Hospitality-infused retail
The Terrazzo Food Lounge is dedicated to these people with the sincere desire to instill concepts of hospitality and experience in a comfortable and pleasant way, in a historic and contemporary architecture at the same time.

Lights, materials, shapes, spaces: lighting and wayfinding
The choices of a very accurate and sophisticated lighting design project and Wayfinding strategies aimed not so much at having the signals, but at offering the right orientation, between information and navigation, to allow users to select their route mode.
Over the years we have learned that the key to good Wayfinding lies in a clear infrastructure. Easy routes, recognizable entrances and an understandable organization of spaces can provide a “natural” Wayfinding, more important than any signage, however beautiful it may be.

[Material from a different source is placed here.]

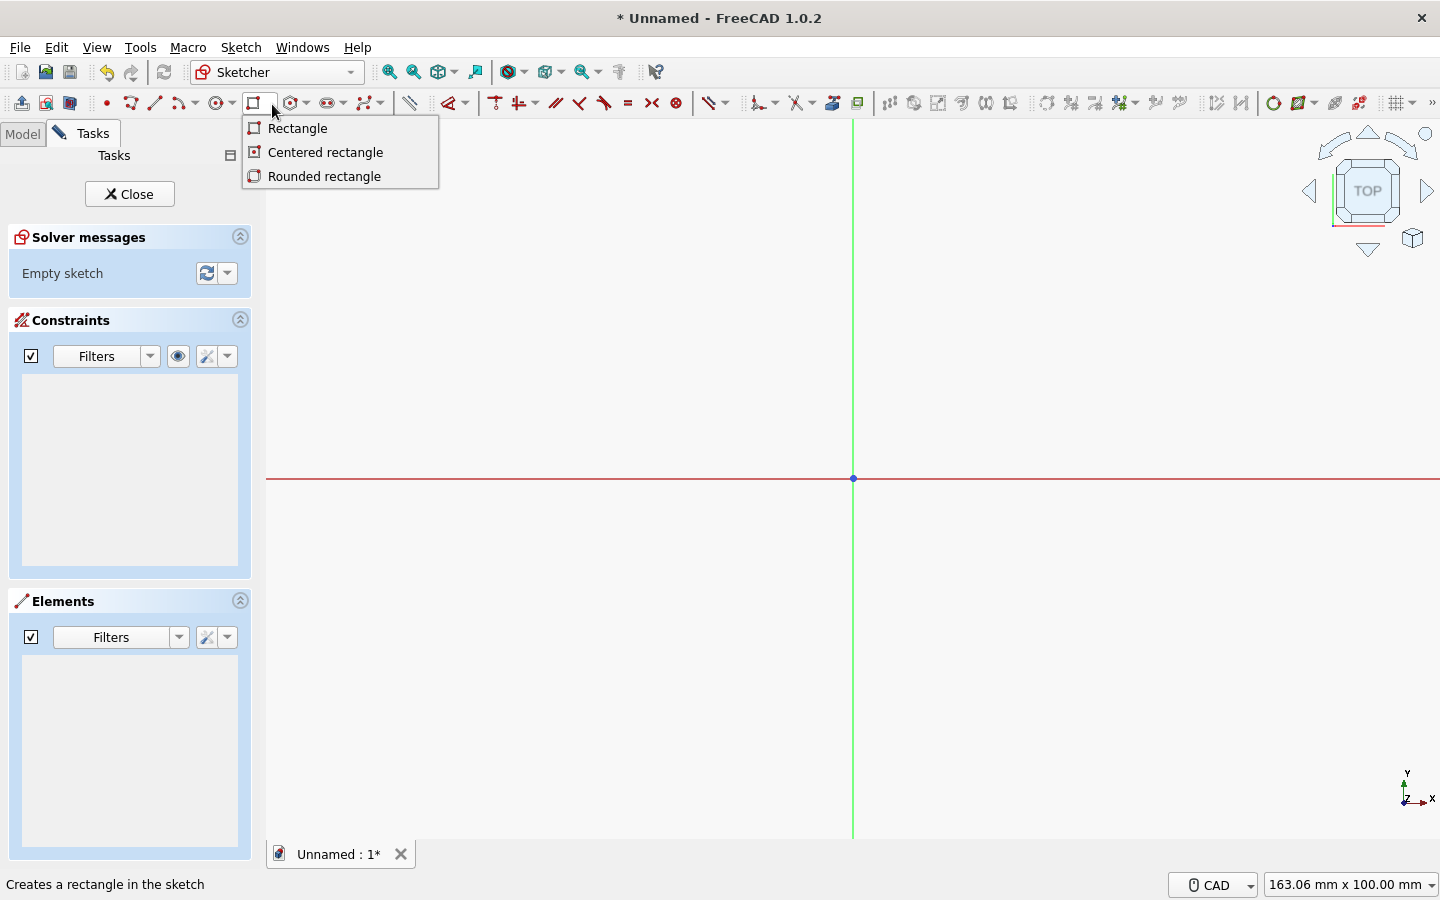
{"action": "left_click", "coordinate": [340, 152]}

Basically a project based on the commitment to work hard to ensure that lights, materials, shapes, spaces speak for themselves in architecture.

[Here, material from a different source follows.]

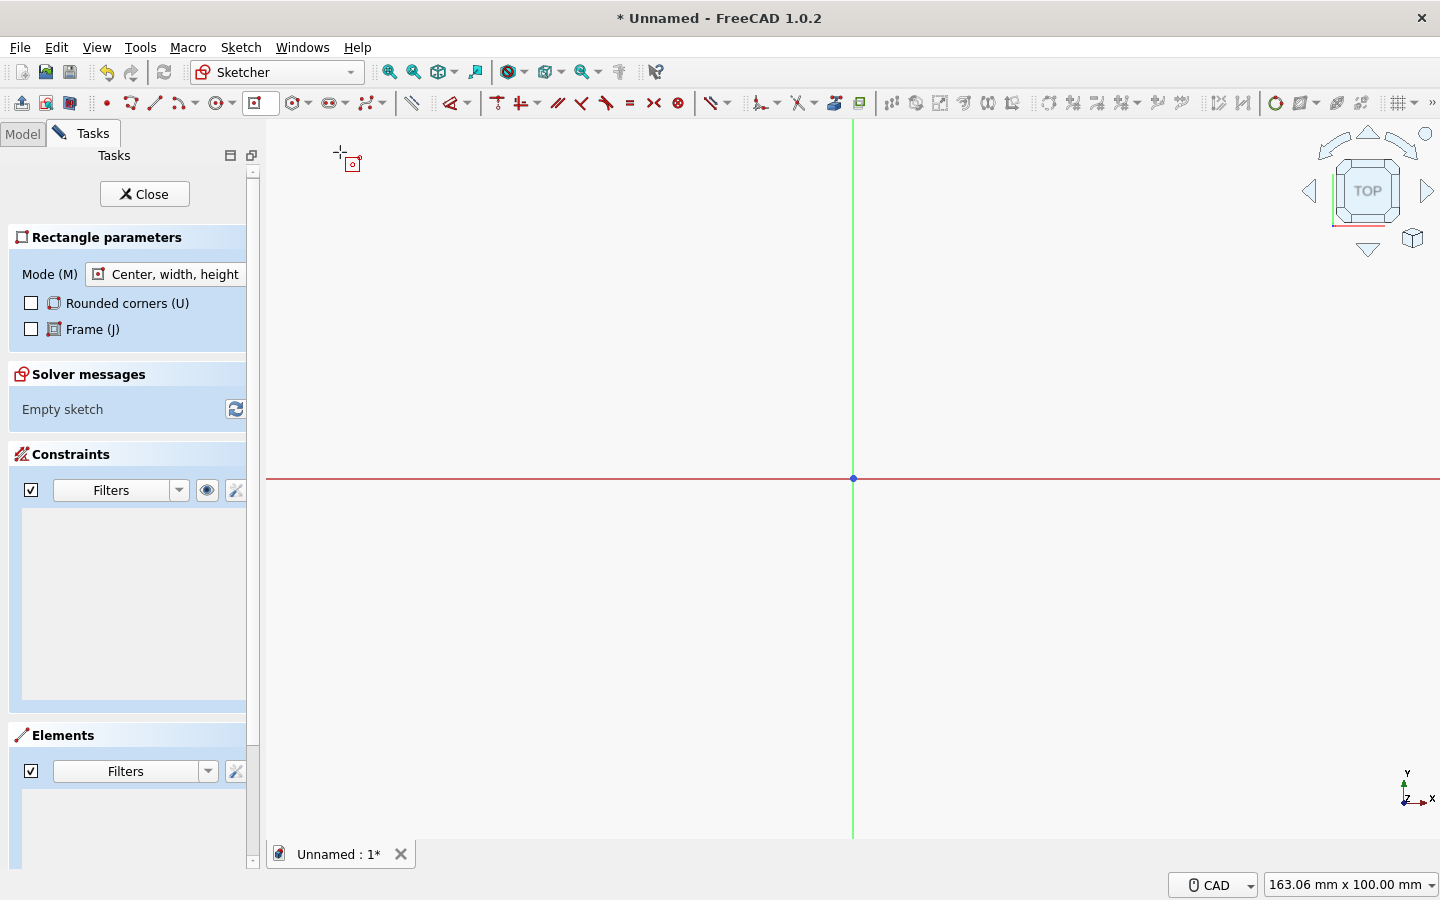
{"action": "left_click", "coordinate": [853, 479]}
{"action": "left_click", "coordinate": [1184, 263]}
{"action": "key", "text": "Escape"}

A project that pursues, even in the choices of accessibility and vertical communication between spaces, standards aimed at the best possible quality of clarity and coherence in making the contents of a space evident and attractive despite the complexity of its transit and commercial routes.

The commercial scene in harmony with the space
A further note concerns the choices of the windows and signs of the Tenants in the commercial spaces: a long work of harmonious integration with the architectural elements of the monumental space, drawing on and reinterpreting decorative elements of Turin’s urban landscapes and its arcades.
The numerous so-called “flag signs” refer to these, for an immediate reading of the spaces by travelers in transit, and the reduction of the profiles of the window frames for an enhancement of commercial proposals.
Even the internal and external common spaces are influenced by the quality of the architecture and the selection of the seating and furniture elements pursue the intention of creating a stylistic harmony capable of enhancing the entire context and making transit and stay comfortable for the traveler.

An urban fact
The enhancement project is only in its first, albeit main, significant phase, but like any urban event, the Station claims the need for continuous sustainable adaptation actions to suit the needs of an evolving society.
The wonderful teamwork that Grandi Stazioni Retail has inspired and led up to here was an opportunity to reconfirm that perhaps yes, Giuseppe Culicchia was right: the city in its best expressions is a home, we have the task of recognizing it and making it a project accessible to all.